Denilson Feitoza defendeu uma regulamentação das ações de busca de informação e de operações de inteligência, mas reforçou que a legislação já trata desse assunto.
“A Constituição da República no Brasil somente permite a violação legal das comunicações telefônicas e de dados quando se trata de uma investigação criminal ou instrução penal, e mesmo assim depende de autorização judicial.”
Para Feitoza, os limites da Abin e de qualquer órgão que possa praticar atividade de inteligência de Estado não estão bem definidos na lei, que ele considera “genérica” demais. Para ele, a falta de detalhamento na lei também faz com que a inteligência fique enfraquecida.
“Direitos fundamentais de um lado e inteligência de Estado de outro são coisas absolutamente compatíveis, mas necessita de uma legislação adequada”, disse o presidente da Inasis.
Investigação e possível crime
Ambos acreditam que uma investigação sobre o caso deve ser capaz de apontar o que foi feito de forma legal ou ilegal. Os registros de quais agentes acessaram a ferramenta e o que fizeram com ela não podem ser apagados, o que permite auditagem.
O Ministério Público de Contas fez um pedido por meio do procurador Lucas Rocha Furtado para que o Tribunal de Contas da União (TCU) apure o caso. O ministro da Justiça e Segurança Pública, Flávio Dino, também afirmou que a Polícia Federal (PF) vai investigar a situação.
Tanto Crespo como Feitoza concordam que, para falar em possíveis punições, primeiro é preciso entender o que ocorreu exatamente.
“A aquisição da ferramenta e a utilização por si só não configuram um crime. Mas a gente pode ter um desvio de finalidade, um desvio de função, uma infração ética e administrativa de funcionários da Abin que atuaram na época”. Os servidores públicos poderiam sofrer punições administrativas ou até demissão.
No entanto, se for verificado que ocorreu algum crime, as punições seriam de acordo com a lei.
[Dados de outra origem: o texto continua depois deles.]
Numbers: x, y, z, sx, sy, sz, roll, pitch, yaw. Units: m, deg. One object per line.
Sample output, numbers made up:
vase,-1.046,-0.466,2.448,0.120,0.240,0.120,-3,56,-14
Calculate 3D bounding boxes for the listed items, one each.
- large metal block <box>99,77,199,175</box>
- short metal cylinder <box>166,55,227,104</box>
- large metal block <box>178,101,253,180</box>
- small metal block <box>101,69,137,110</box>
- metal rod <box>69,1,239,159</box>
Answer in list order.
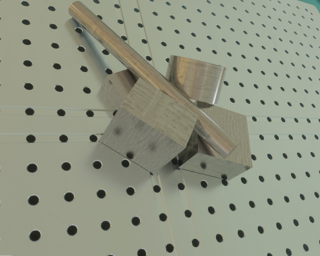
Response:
large metal block,-0.015,0.001,0.365,0.080,0.080,0.050,32,51,-8
short metal cylinder,0.048,-0.068,0.433,0.081,0.080,0.050,8,102,-24
large metal block,0.073,0.018,0.422,0.081,0.050,0.080,16,55,-19
small metal block,-0.042,-0.051,0.418,0.050,0.025,0.050,-27,77,-37
metal rod,-0.019,-0.073,0.405,0.300,0.025,0.025,44,50,17

Por isso, é preciso avaliar como as informações foram coletadas e o que foi feito com esses dados para poder distinguir qual crime teria sido cometido.
Denilson Feitoza ainda destacou o artigo 4 da Lei Geral de Proteção de Dados, “que estabelece que o Estado, mesmo atuando em segurança pública, defesa nacional, ou atividades de investigação e repressão de infrações penais, deve observar os princípios de proteção de dados pessoais”.
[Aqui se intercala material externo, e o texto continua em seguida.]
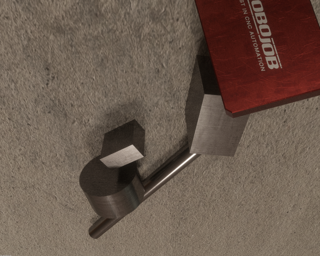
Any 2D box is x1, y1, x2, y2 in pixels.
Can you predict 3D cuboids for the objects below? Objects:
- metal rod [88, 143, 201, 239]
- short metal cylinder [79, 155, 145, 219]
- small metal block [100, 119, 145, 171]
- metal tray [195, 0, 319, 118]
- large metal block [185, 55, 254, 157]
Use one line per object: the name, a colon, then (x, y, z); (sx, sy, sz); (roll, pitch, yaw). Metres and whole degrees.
metal rod: (-0.027, 0.102, 0.493); (0.025, 0.025, 0.299); (31, 123, -24)
short metal cylinder: (-0.066, 0.079, 0.438); (0.080, 0.080, 0.050); (-8, 130, 6)
small metal block: (-0.048, 0.022, 0.409); (0.050, 0.050, 0.025); (-25, 126, 19)
metal tray: (0.088, -0.083, 0.277); (0.090, 0.129, 0.030); (-15, 169, 12)
large metal block: (0.062, -0.026, 0.350); (0.050, 0.080, 0.079); (5, 130, -5)

“A única maneira de determinar a legalidade ou não dessa ferramenta seria por meio dos órgãos de controle”, disse Feitoza.
A fiscalização e controle da Agência Brasileira de Inteligência são feitos pela Comissão Mista de Controle da Atividade de Inteligência (CCAI) do Congresso Nacional. Além dela, o Ministério Público Federal (MPF), a Polícia Federal, o Tribunal de Contas da União, e o Ministério Público de Contas também são órgãos de controle.
Crespo também disse que é preciso verificar se outras autoridades públicas tinham conhecimento do que estava sendo feito, pois elas estariam envolvidas também.
Na última quinta-feira (16), a Comissão de Relações Exteriores do Senado aprovou requerimento que pede informações do ministro da Casa Civil, Rui Costa, e do diretor-adjunto Abin, Alessandro Moretti, sobre um programa secreto da agência de monitoramento ilegal da localização de pessoas através do celular.
O presidente da comissão, o senador Renan Calheiros (MDB-AL), disse que um dos problemas da Abin seria ainda guardar resquícios de visões de mundo que remetem ao período da ditadura militar. O senador lamenta que parte da atividade se dê de forma “semiclandestina”, e que também é preciso averiguar as falhas da Abin no descontrole que gerou as invasões às sedes dos Três Poderes em 8 de janeiro.
Outra comissão do Senado também se movimenta sobre o assunto. A Comissão de Segurança Pública analisará na terça-feira (21) requerimento para que o ex-diretor da Abin e atual deputado federal Delegado Ramagem (PL-RJ) prestem esclarecimentos sobre o uso de um sistema secreto de monitoramento de pessoas pelo órgão de inteligência durante o governo Bolsonaro.